Did you A/B test this, and if so what was the increase in conversion or
average price per customer?

------
1123581321
The two reasons are that it signals 'enterprise' level costs and that
marketing thinks that you're more likely to sign up if you're prompted to
create an account without seeing the price table.

I agree it can be annoying. However, if I am honest with myself, I know what
the service probably costs and most of the time, the variations in cost don't
cross the threshold of my budget. The real reason I am irritated to not see
the prices is because I am hoping to see that it is free or extremely cheap.
There is no reason for a business to accommodate my desire to get an
unsustainable deal.

------
AznHisoka
Having been on both sides, one of the reasons is because your product is
complicated, and you need to give a webinar/demo to them in order for them to
utilize the product to its full potential.

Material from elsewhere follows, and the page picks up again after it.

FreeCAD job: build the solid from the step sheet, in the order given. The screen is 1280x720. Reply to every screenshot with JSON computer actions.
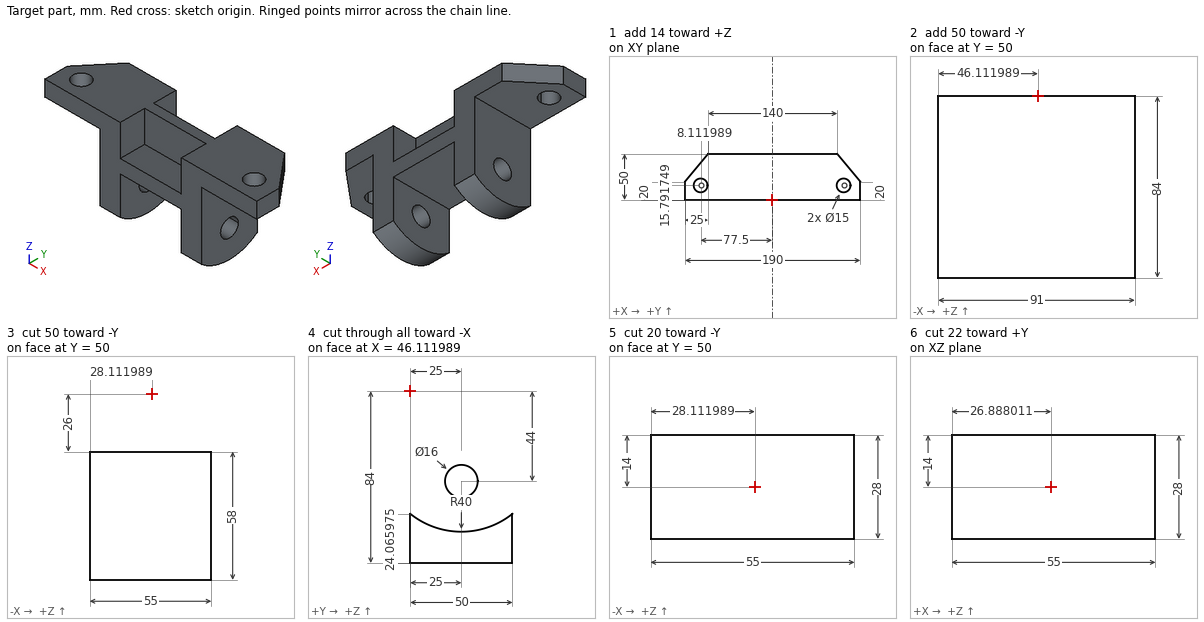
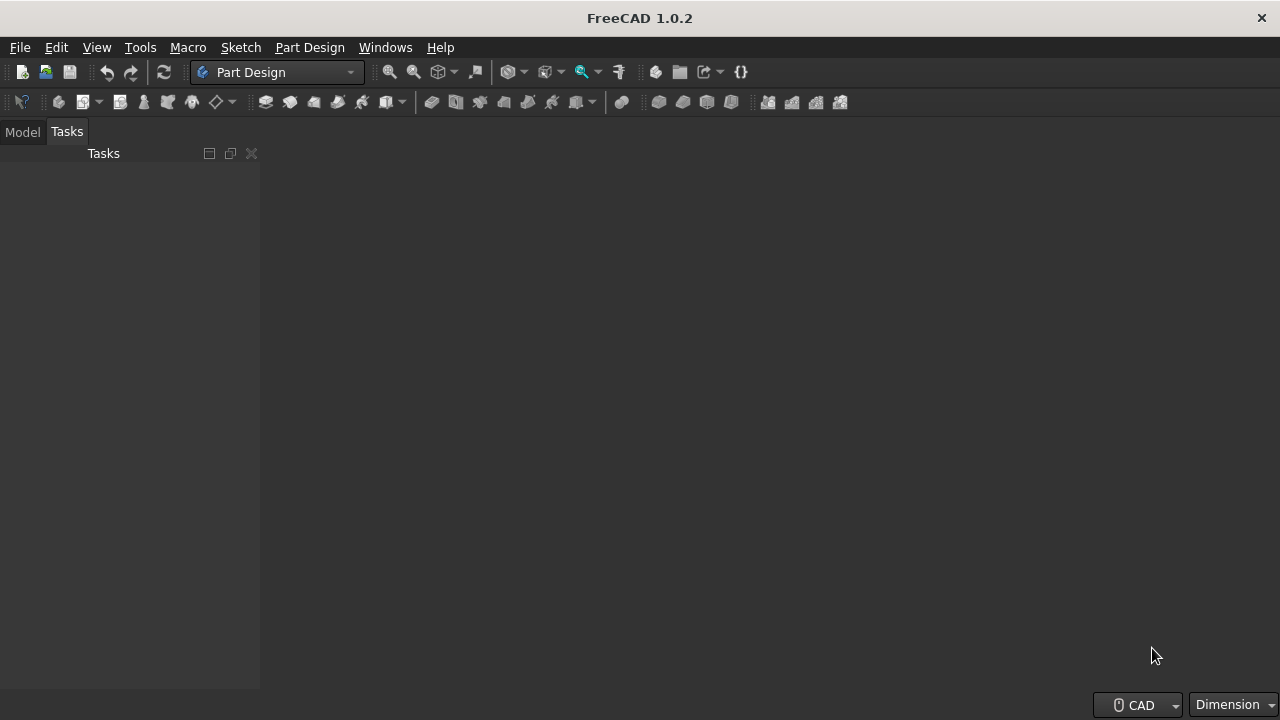
{"action": "left_click", "coordinate": [22, 72]}
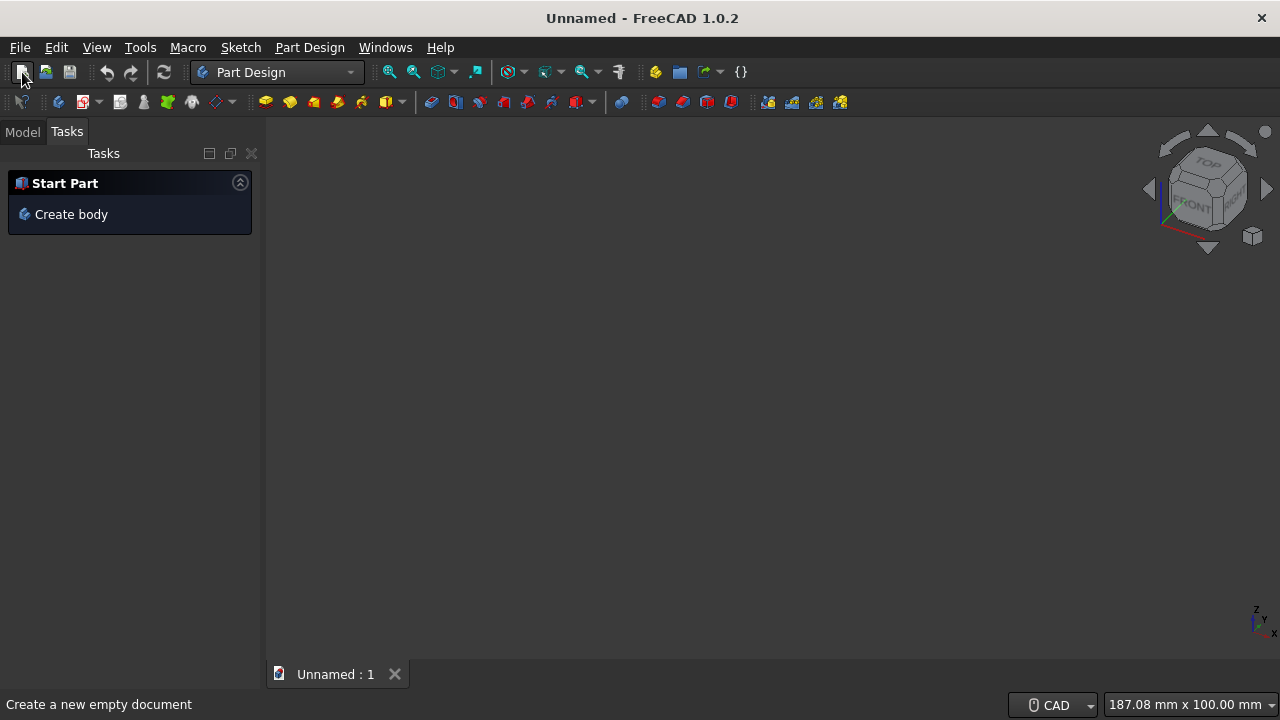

Otherwise, if you just sign up and use it, you'll quickly stop using it after
a few days because you don't know how to use it.

------
rbravoz
I run a SaaS as well and find that customers prefer prices upfront and
complain if the pricing is hard to understand (which in turn consumes
resources of the sales staff and creates friction on the customer acquisition
process). However if @pricenator you state that it makes sense financially,
can you tell us more about it? (Not just hints)

------
MalcolmDiggs
I don't care until they ask for my credit card. At that point the pricing is a
need-to-know, lol. But before then, like with the mint.com example you
mentioned, I just assume it's free or freemium until they tell me otherwise.